__ABOUT THIS EXERCISE__. Where a line of the material includes the string "Buchse", copy that line.
------------------------------------------------------------------------
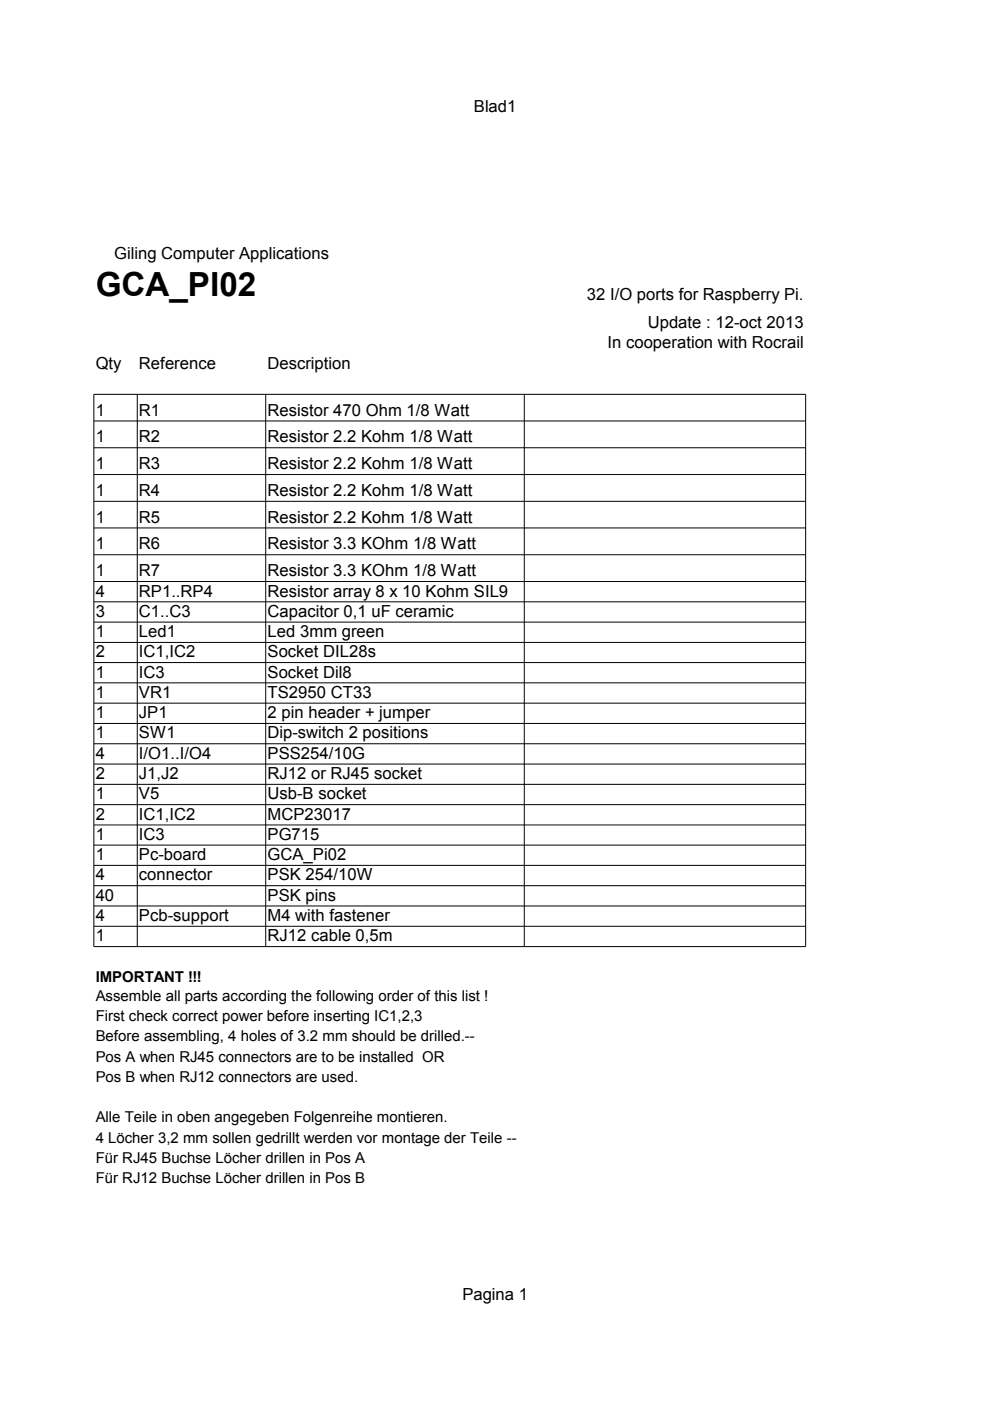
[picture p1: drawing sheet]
<svg xmlns="http://www.w3.org/2000/svg" width="210mm" height="297mm" viewBox="0 0 210 297" stroke-linecap="round" stroke-linejoin="round" font-family="sans-serif">
<defs><g id="words">
<text font-size="7.1" x="20.3" y="62.8">GCA_PI02</text>
<g font-size="3.5">
<text x="100.5" y="23.7">Blad1</text>
<text x="24.2" y="54.8">Giling Computer Applications</text>
<text x="124.4" y="63.5">32 I/O ports for Raspberry Pi.</text>
<text x="137.3" y="69.6">Update : 12-oct 2013</text>
<text x="128.8" y="73.9">In cooperation with Rocrail</text>
<text x="20.3" y="78.2">Qty</text>
<text x="29.5" y="78.2">Reference</text>
<text x="56.7" y="78.2">Description</text>
<text x="20.3" y="88.2">1</text>
<text x="29.5" y="88.2">R1</text>
<text x="56.7" y="88.2">Resistor 470 Ohm 1/8 Watt</text>
<text x="20.3" y="93.8">1</text>
<text x="29.5" y="93.8">R2</text>
<text x="56.7" y="93.8">Resistor 2.2 Kohm 1/8 Watt</text>
<text x="20.3" y="99.5">1</text>
<text x="29.5" y="99.5">R3</text>
<text x="56.7" y="99.5">Resistor 2.2 Kohm 1/8 Watt</text>
<text x="20.3" y="105.2">1</text>
<text x="29.5" y="105.2">R4</text>
<text x="56.7" y="105.2">Resistor 2.2 Kohm 1/8 Watt</text>
<text x="20.3" y="110.8">1</text>
<text x="29.5" y="110.8">R5</text>
<text x="56.7" y="110.8">Resistor 2.2 Kohm 1/8 Watt</text>
<text x="20.3" y="116.5">1</text>
<text x="29.5" y="116.5">R6</text>
<text x="56.7" y="116.5">Resistor 3.3 KOhm 1/8 Watt</text>
<text x="20.3" y="122.2">1</text>
<text x="29.5" y="122.2">R7</text>
<text x="56.7" y="122.2">Resistor 3.3 KOhm 1/8 Watt</text>
<text x="20.3" y="126.5">4</text>
<text x="20.3" y="130.8">3</text>
<text x="29.5" y="126.5">RP1..RP4</text>
<text x="29.5" y="130.8">C1..C3</text>
<text x="56.7" y="126.5">Resistor array 8 x 10 Kohm SIL9</text>
<text x="56.7" y="130.8">Capacitor 0,1 uF ceramic</text>
<text x="20.3" y="135.1">1</text>
<text x="29.5" y="135.1">Led1</text>
<text x="56.7" y="135.1">Led 3mm green</text>
<text x="20.3" y="139.4">2</text>
<text x="20.3" y="143.7">1</text>
<text x="29.5" y="139.4">IC1,IC2</text>
<text x="29.5" y="143.7">IC3</text>
<text x="56.7" y="139.4">Socket DIL28s</text>
<text x="56.7" y="143.7">Socket Dil8</text>
<text x="20.3" y="148">1</text>
<text x="29.5" y="148">VR1</text>
<text x="56.7" y="148">TS2950 CT33</text>
<text x="20.3" y="152.3">1</text>
<text x="29.5" y="152.3">JP1</text>
<text x="56.7" y="152.3">2 pin header + jumper</text>
<text x="20.3" y="156.6">1</text>
<text x="20.3" y="160.9">4</text>
<text x="29.5" y="156.6">SW1</text>
<text x="29.5" y="160.9">I/O1..I/O4</text>
<text x="56.7" y="156.6">Dip-switch 2 positions</text>
<text x="56.7" y="160.9">PSS254/10G</text>
<text x="20.3" y="165.2">2</text>
<text x="29.5" y="165.2">J1,J2</text>
<text x="56.7" y="165.2">RJ12 or RJ45 socket</text>
<text x="20.3" y="169.5">1</text>
<text x="20.3" y="173.8">2</text>
<text x="29.5" y="169.5">V5</text>
<text x="29.5" y="173.8">IC1,IC2</text>
<text x="56.7" y="169.5">Usb-B socket</text>
<text x="56.7" y="173.8">MCP23017</text>
<text x="20.3" y="178.1">1</text>
<text x="29.5" y="178.1">IC3</text>
<text x="56.7" y="178.1">PG715</text>
<text x="20.3" y="182.4">1</text>
<text x="29.5" y="182.4">Pc-board</text>
<text x="56.7" y="182.4">GCA_Pi02</text>
<text x="20.3" y="186.7">4</text>
<text x="20.3" y="191">40</text>
<text x="29.5" y="186.7">connector</text>
<text x="56.7" y="186.7">PSK 254/10W</text>
<text x="56.7" y="191">PSK pins</text>
<text x="20.3" y="195.3">4</text>
<text x="29.5" y="195.3">Pcb-support</text>
<text x="56.7" y="195.3">M4 with fastener</text>
<text x="20.3" y="199.6">1</text>
<text x="56.7" y="199.6">RJ12 cable 0,5m</text>
<text x="98" y="275.7">Pagina 1</text>
</g>
<g font-size="3.2">
<text x="20.3" y="208.2">IMPORTANT !!!</text>
<text x="20.3" y="212.2">Assemble all parts according the following order of this list !</text>
<text x="20.3" y="216.5">First check correct power before inserting IC1,2,3</text>
<text x="20.3" y="220.8">Before assembling, 4 holes of 3.2 mm should be drilled.--</text>
<text x="20.3" y="225.1">Pos A when RJ45 connectors are to be installed OR</text>
<text x="20.3" y="229.4">Pos B when RJ12 connectors are used.</text>
<text x="20.3" y="238">Alle Teile in oben angegeben Folgenreihe montieren.</text>
<text x="20.3" y="242.3">4 Löcher 3,2 mm sollen gedrillt werden vor montage der Teile --</text>
<text x="20.3" y="246.6">Für RJ45 Buchse Löcher drillen in Pos A</text>
<text x="20.3" y="250.9">Für RJ12 Buchse Löcher drillen in Pos B</text>
</g>
</g></defs>
<g fill="none" stroke="#000" stroke-width=".21">
<path d="M19.9 83.6h150.9v117.1h-150.9zM19.9 89.3h150.9M19.9 94.9h150.9M29.1 83.6v117.1M56.3 83.6v117.1M111.2 83.6v117.1M19.9 100.6h150.9M19.9 106.3h150.9M19.9 111.9h150.9M19.9 117.6h150.9M19.9 123.3h150.9M19.9 127.6h150.9"/>
<path d="M19.9 131.9h150.9M19.9 136.2h150.9M19.9 140.5h150.9M19.9 144.8h150.9M19.9 149.1h150.9M19.9 153.4h150.9M19.9 157.7h150.9M19.9 162h150.9M19.9 166.3h150.9M19.9 170.6h150.9M19.9 174.9h150.9M19.9 179.2h150.9"/>
<path d="M19.9 183.5h150.9M19.9 187.8h150.9M19.9 192.1h150.9M19.9 196.4h150.9"/>
</g>
<use href="#words"/>
</svg>
------------------------------------------------------------------------
__TASK RESPONSE__.
<text x="20.3" y="246.6">Für RJ45 Buchse Löcher drillen in Pos A</text>
<text x="20.3" y="250.9">Für RJ12 Buchse Löcher drillen in Pos B</text>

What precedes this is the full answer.